We currently have some retirement assets in a Vanguard 2025. We will be retiring before that and won’t need to touch that money for about 13 years (RMDs). Should we move some of that money? Maybe move it into a target retirement fund with a date further out?

I’d love to hear some opinions.
 
They have target date retirement funds which can be a good place to start. That is what we did. For example, we thought we would retire in 2025 so that is the fund we chose to start. It is easy to switch to a different one if you want to later.

This is what we did for DS18 just last month. Since he earned at least $1,000 last year we gifted him the money to get his Roth started. I explained to him all the different options for funds that he had to choose from, and why a target date fund made the most sense for him. It was weird choosing Fund 2065, but that's what a young person needs! @Castlequeen5 once you make your initial deposit into a 'sweep fund' or 'money market', whatever Vanguard calls it, you can then go online and make your 'buy' into your chosen fund(s). That is making the actual investment, as a sweep fund just earns a money market rate. You can also call Vanguard to do this. Ask ALL the questions you want to make sure you understand what you are investing in - Vanguard people are great! Low fees, wonderful service. I recommend Vanguard a lot to people. And I'm so happy that you are starting a Roth! 🤑
 
As you spend more time looking into investment options, be sure to keep an eye on expense ratios, especially if you're investing in target date funds. The expense ratios can get seriously hefty on those. This isn't an issue with Vanguard's 2065 fund -- the expense ratio is just 0.16% and it's 0.15% on the 2055 fund -- but it is an issue on lots of target date funds. The first one I Googled just now -- the Fidelity 2055 fund -- has an expense ratio of 0.75%. That extra fee will add up in a big way, especially compounded over a few decades!
 

VTSAX would be my vote too. It is small to medium size companies (something like the top 2500 companies, less the top 500). It is more volatile, but over the years does quiet well. (note: I don't actually use Vanguard, rather Fidelity, but they are probably quite similar)
That’s not necessarily an accurate description of VTSAX:

Vanguard Total Stock Market Index Fund is designed to provide investors with exposure to the entire U.S. equity market, including small-, mid-, and large-cap growth and value stocks. The fund’s key attributes are its low costs, broad diversification, and the potential for tax efficiency. Investors looking for a low-cost way to gain broad exposure to the U.S. stock market who are willing to accept the volatility that comes with stock market investing may wish to consider this fund as either a core equity holding or your only domestic stock fund.

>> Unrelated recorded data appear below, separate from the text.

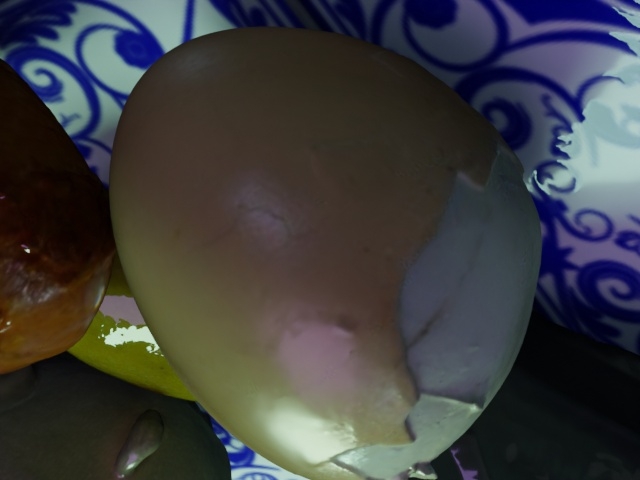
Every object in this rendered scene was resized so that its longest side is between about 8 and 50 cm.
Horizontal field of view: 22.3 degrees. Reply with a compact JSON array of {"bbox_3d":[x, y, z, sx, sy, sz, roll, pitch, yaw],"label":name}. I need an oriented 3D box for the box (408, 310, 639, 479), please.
[{"bbox_3d":[0.157,0.240,0.919,0.350,0.091,0.359,28,122,30],"label":"box"}]

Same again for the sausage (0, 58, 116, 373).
[{"bbox_3d":[-0.218,-0.037,0.872,0.268,0.141,0.153,45,107,35],"label":"sausage"}]

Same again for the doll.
[{"bbox_3d":[-0.231,0.174,1.101,0.349,0.247,0.247,9,139,41],"label":"doll"}]

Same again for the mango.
[{"bbox_3d":[-0.077,0.048,0.984,0.194,0.092,0.130,30,138,-12],"label":"mango"}]

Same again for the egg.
[{"bbox_3d":[0.000,0.000,0.809,0.244,0.201,0.201,44,139,6],"label":"egg"}]
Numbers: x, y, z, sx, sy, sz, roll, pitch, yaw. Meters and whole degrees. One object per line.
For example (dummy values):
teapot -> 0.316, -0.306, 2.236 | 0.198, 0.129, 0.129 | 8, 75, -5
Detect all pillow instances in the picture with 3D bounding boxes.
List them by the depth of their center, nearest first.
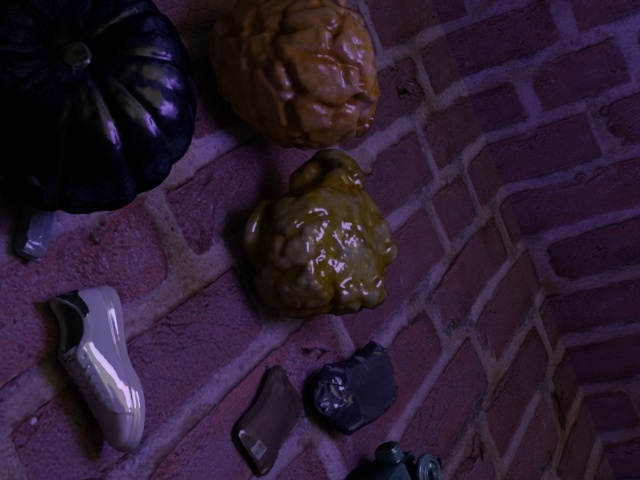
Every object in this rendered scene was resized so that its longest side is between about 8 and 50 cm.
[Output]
pillow -> -0.094, 0.348, 1.821 | 0.130, 0.033, 0.217 | 62, 32, -23
pillow -> 0.083, 0.323, 2.064 | 0.335, 0.092, 0.161 | -17, 84, -59

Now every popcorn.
popcorn -> 0.012, 0.003, 1.922 | 0.334, 0.293, 0.292 | -57, 157, -52
popcorn -> -0.054, -0.356, 1.939 | 0.390, 0.354, 0.344 | -94, -178, -62

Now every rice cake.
rice cake -> -0.435, -0.078, 1.473 | 0.045, 0.042, 0.245 | 33, 49, -41

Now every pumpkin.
pumpkin -> -0.361, -0.217, 1.372 | 0.266, 0.363, 0.363 | 119, -35, -71

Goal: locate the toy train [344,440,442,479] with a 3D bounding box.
toy train -> 0.176, 0.593, 2.017 | 0.238, 0.167, 0.299 | -32, 102, -53

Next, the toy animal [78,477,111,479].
toy animal -> -0.348, 0.420, 1.215 | 0.326, 0.237, 0.269 | -55, 131, -59

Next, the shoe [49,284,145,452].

The funds top holdings are Apple, Microsoft, Google, Amazon, Facebook, Tesla and J&J. I love me some VTSAX!
 
I have seen VTSAX mentioned so many times in this thread.

We currently have some retirement assets in a Vanguard 2025. We will be retiring before that and won’t need to touch that money for about 13 years (RMDs). Should we move some of that money? Maybe move it into a target retirement fund with a date further out?

I’d love to hear some opinions.
I am thinking about the same exact thing now too.
 
I have seen VTSAX mentioned so many times in this thread.

We currently have some retirement assets in a Vanguard 2025. We will be retiring before that and won’t need to touch that money for about 13 years (RMDs). Should we move some of that money? Maybe move it into a target retirement fund with a date further out?

I’d love to hear some opinions.
If you like the target date fund (Vanguard 2025), then I think you should be in a 2035 fund or later, as that's your target.
For most people, their target is when they retire, but not you. This will be a little more aggressive over the next decade.
 
If you like the target date fund (Vanguard 2025), then I think you should be in a 2035 fund or later, as that's your target.
For most people, their target is when they retire, but not you. This will be a little more aggressive over the next decade.

I agree with this.

Target date funds are very useful and a good guidepost to get to a reasonable asset allocation based on retirement year (or as mentioned above, the year you plan to need the money).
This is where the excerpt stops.